– А ещё не позволять желаниям становиться неконтролируемыми.
– Согласен. Ну, со степенью контролируемости разберёмся по ходу…
– Даже не сомневался, что ввернёшь что-нибудь этакое! – Сидящий на бочке всё это время почти неподвижно, Пограничник меняет положение тела – неуловимое движение, и вот он тоже стоит, но по эту сторону прохода между пороховыми вместилищами. – Тебе бы всё понарушать и попересекать…
– О-о, я тако-ой! – довольно улыбается Анти, но сразу стирает улыбку и совершенно другим тоном спрашивает: – Помнишь, мелькала мысль о том, что уже давно не родной мир и носит по параллелям?
– Помню, ещё бы. Думал о том, что если застреленная девушка не совсем родная, из параллельной реальности, станет ли мне легче…
– Не станет. А ещё о чём?
– Ну… Или к тому моменту я уже ничего такого не почувствую, как и положено пограничнику – стоять не на стороне добра или стороне зла…
– А на стороне границы, их разделяющей. Как думаешь, мы уже готовы стоять на кромке сверху? Наблюдать за порядком вещей, чтобы их хоть что-то разделяло и они не слились до неразличимости…
– Уверен, готовы. Но меня гложет другая мысль… О пресловутом начальстве, которое вроде полностью доверяет, однако…
– В любой момент вполне может свалиться с проверкой и выявить несанкционированные отклонения от должностных инструкций.
– Сформулировал блестяще!
– Я старался.
– Уж не знаю, довольно ли начальство неведомое несением службы, но лично я буду выполнять охранные функции, как разумею, в соответствии с сутью существования границ.
– А я присмотрю, чтобы ты не забывался в стремлении охранять разделение.
– Да уж кто бы сомневался… Слушай, вспомнилось вдруг. Ты тоже помнить должен, в ночь на двадцать шестое апреля…
Пограничник ступает вперёд и преодолевает половину ширины прохода между рядами пороховых бочек.

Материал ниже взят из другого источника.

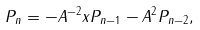Convert formula to latex. <formula><loc_0><loc_0><loc_500><loc_500>P _ { n } = - A ^ { - 2 } x P _ { n - 1 } - A ^ { 2 } P _ { n - 2 } ,</formula> 
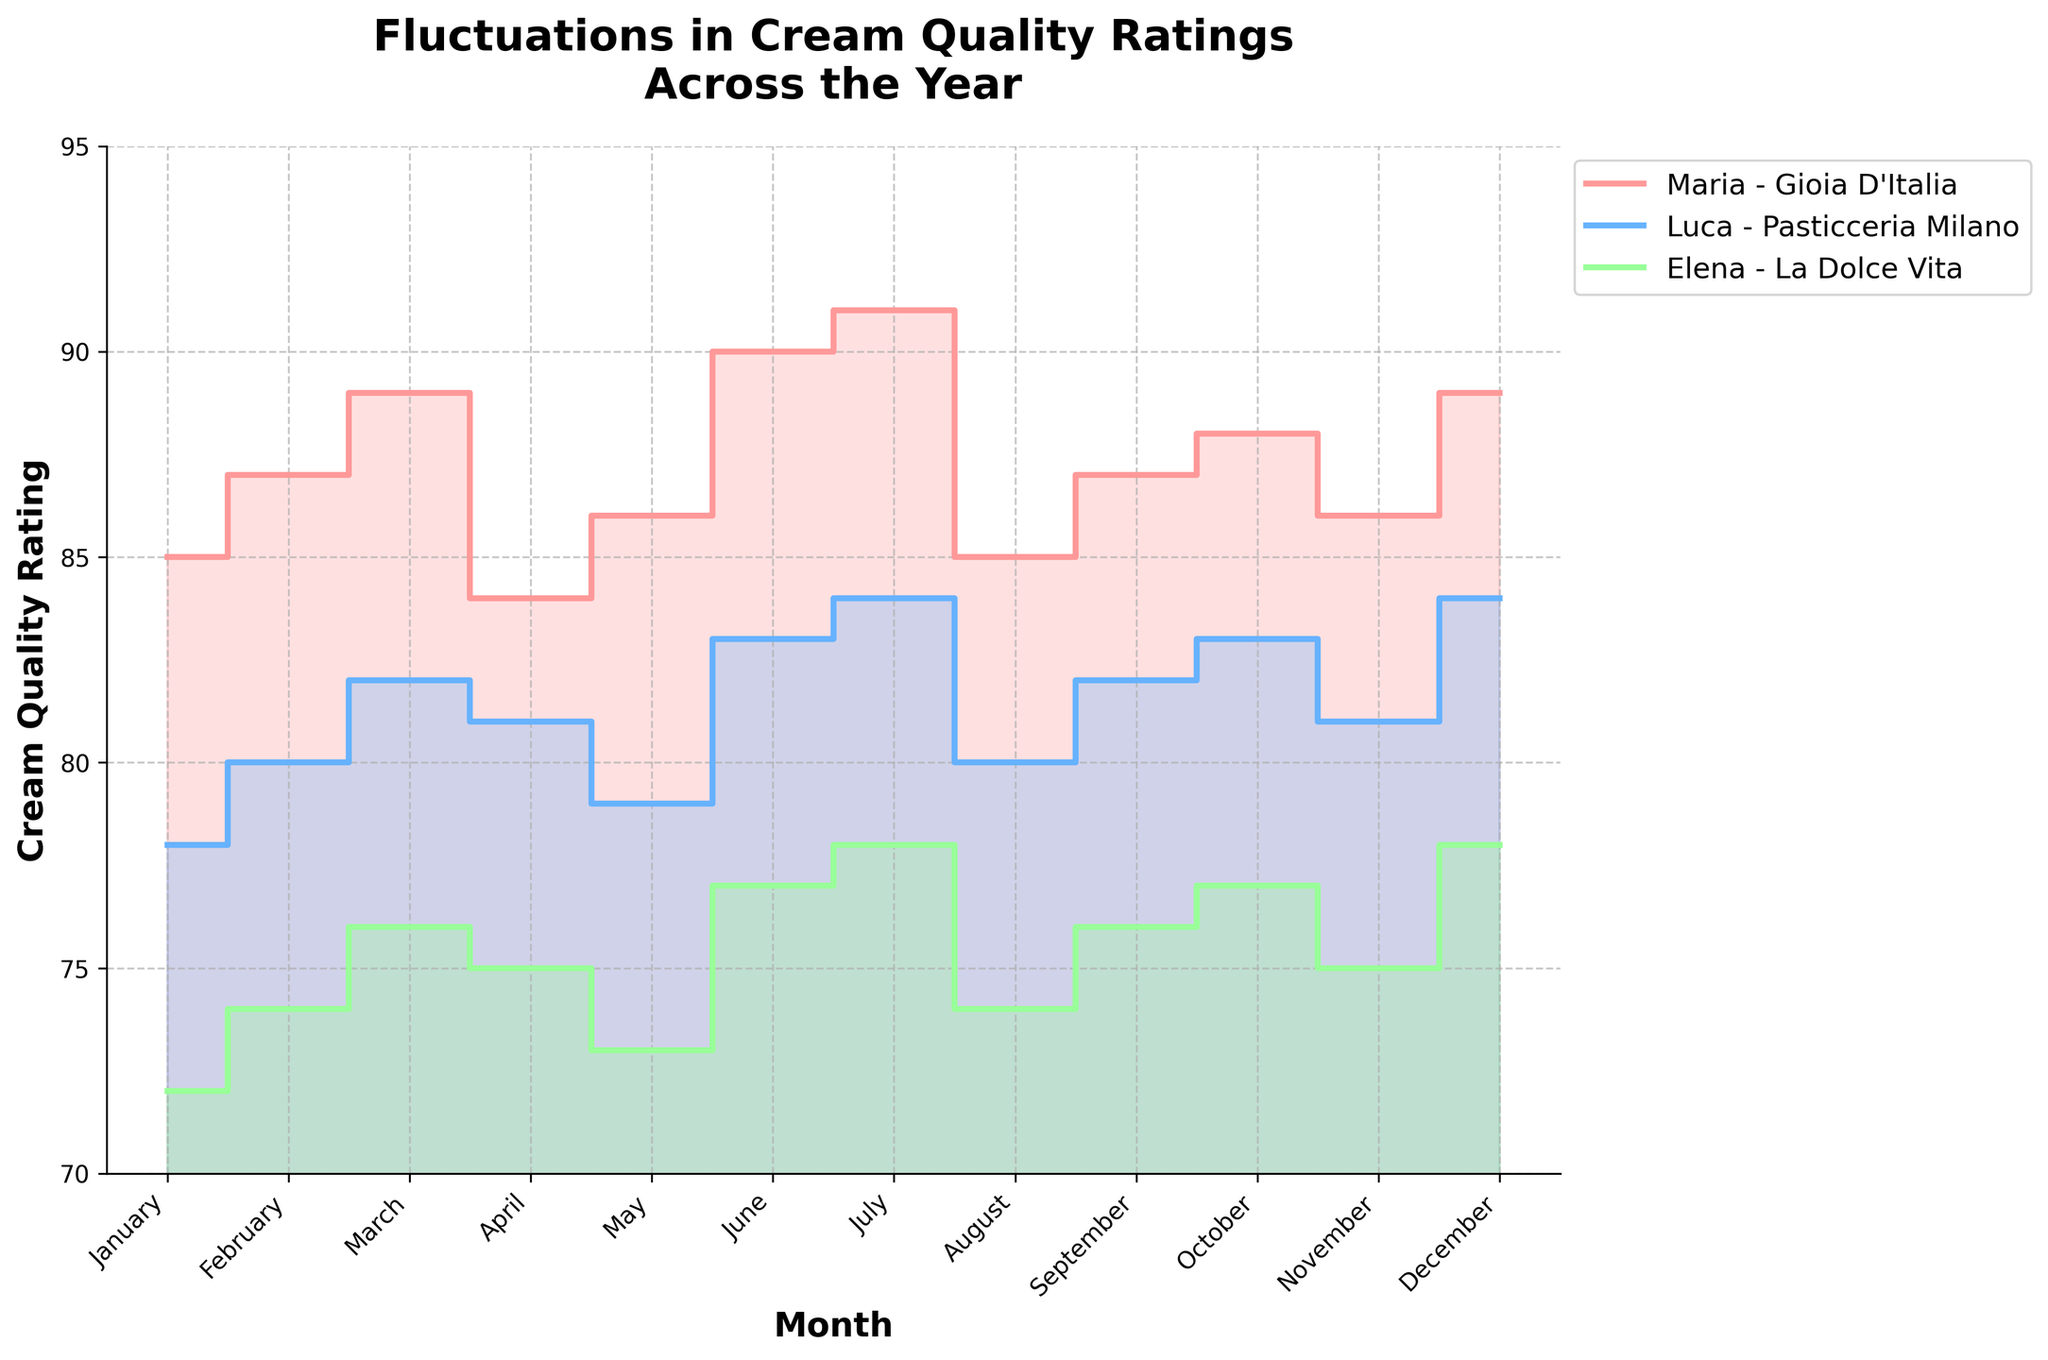What is the title of the chart? The title appears at the top of the chart and provides a summary of the content displayed. Here, it reads "Fluctuations in Cream Quality Ratings Across the Year."
Answer: Fluctuations in Cream Quality Ratings Across the Year Which chef had the highest cream quality rating in December? By observing the values on the y-axis and the corresponding lines for each chef in December, we can identify the highest rating. Maria from Gioia D'Italia rated 89, which is the highest in December.
Answer: Maria In which month did Luca (Pasticceria Milano) have the lowest cream quality rating? Observing the step area representing Luca's ratings, we note that the lowest point occurs in January, with a rating of 78.
Answer: January Compare the cream quality ratings of Maria (Gioia D'Italia) and Elena (La Dolce Vita) in July. Which chef had a higher rating and by how much? In July, Maria's rating is 91 and Elena's is 78. By subtracting Elena's rating from Maria's, we get 91 - 78 = 13. Maria had a higher rating by 13 points.
Answer: Maria by 13 points Which chef's ratings had the largest fluctuation throughout the year? Fluctuation can be measured by the range, which is the difference between the maximum and minimum values. Maria’s range is 91 - 84 = 7, Luca’s range is 84 - 78 = 6, and Elena’s range is 78 - 72 = 6. The largest fluctuation is Maria’s with a range of 7.
Answer: Maria On average, which chef had the highest cream quality ratings over the year? Calculate the average rating for each chef: 
Maria: (85+87+89+84+86+90+91+85+87+88+86+89)/12 = 87.25,
Luca: (78+80+82+81+79+83+84+80+82+83+81+84)/12 = 81.25,
Elena: (72+74+76+75+73+77+78+74+76+77+75+78)/12 = 75.5.
Thus, Maria had the highest average rating.
Answer: Maria What is the trend of Elena (La Dolce Vita) cream quality ratings from April to July? Observing the step area for Elena from April to July, the ratings are 75, 73, 77, and 78 respectively. The trend shows an overall increasing pattern after a slight drop in May.
Answer: Increasing In which months did all chefs have the same trend in cream quality ratings (either all increasing or all decreasing)? By checking individual ratings month by month:
- February: Maria, Luca, and Elena all increased from January.
- March: Maria, Luca, and Elena all increased from February.
No other months show the same trend for everyone.
Answer: February and March What is the overall trend in Maria's (Gioia D'Italia) cream quality ratings throughout the year? Tracking Maria's ratings from January to December shows several fluctuations without a consistent trend: 85, 87, 89, 84, 86, 90, 91, 85, 87, 88, 86, and 89. There were both increases and decreases throughout the year.
Answer: Fluctuating

– Понял, о чём ты. Да, конечно, помню тот странный сон из юности.
– Особенно странна дата…
– Ещё бы. В ночь на двадцать шестое апреля увидеть во сне, что находишься в какой-то машине, полной вооружённых людей, и это группа террористов, и они едут взрывать атомную станцию…
– Такое сновидение на всю жизнь запомнишь, особенно с учётом того, что уже спустя несколько суток узнал о взрыве, случившемся на реальной атомной в эту ночь.
– Ты думаешь, с этого сна… с прозрения что-то экстраординарное началось? Именно тогда был сделан первый шаг в туман?
Антипограничник повёл вокруг рукой, подразумевая оазис свечения, окружающий мужчин, разговаривающих в глубоком погребе, подальше от всего остального человечества.
– Не знаю. Но почему-то вспоминался же мне этот сон двадцать шестого апреля любого года.
– Не одному тебе.
– Ну да, извини, у тебя ж память идентичная.
– Почти. В недавний период наши памяти несколько разошлись. Я потом тебе расскажу кое-что, для службы полезное. Только не думай, что я в стукачи готов податься!
– Что ты, что ты, и не подумаю, Антипог!
– А вот не надо обзываться! Кто из нас на стороне тёмной силы, а кто светлой, это ещё посмотрим. Ты только… м-м-м, не всё в дневник наговаривай, ладно? Я тебе не для протокола сообщу.
– Я и так не всё подряд надиктовываю. Так, кое-какие вопросы наперёд, заранее, чтобы не позабыть осознанно…
– Аудиодневник – это заменитель. Из-за одиночества хоть с кем-то поделиться впечатлениями… Теперь у тебя есть с кем говорить. Не зря же меня создал.
– Так что, вообще больше ничего не заносить во внешнюю память?
– Нет, почему. Мы же живём, чтобы помнить, – пока помнишь о ком-то, он и жив. Родителей забывать нельзя, брата… даже бывшую жену нельзя. Её тоже…
– Вот о ней – ни слова, понял?
– Да понял, понял, не дурак. Но она же и так не забудется, вспоминаем мы о ней или нет. Есть желания, которые не исполнятся ни в коем случае. Антизаветные, скажу так. Сколько бы ни желали о ней не помнить… не сбудется.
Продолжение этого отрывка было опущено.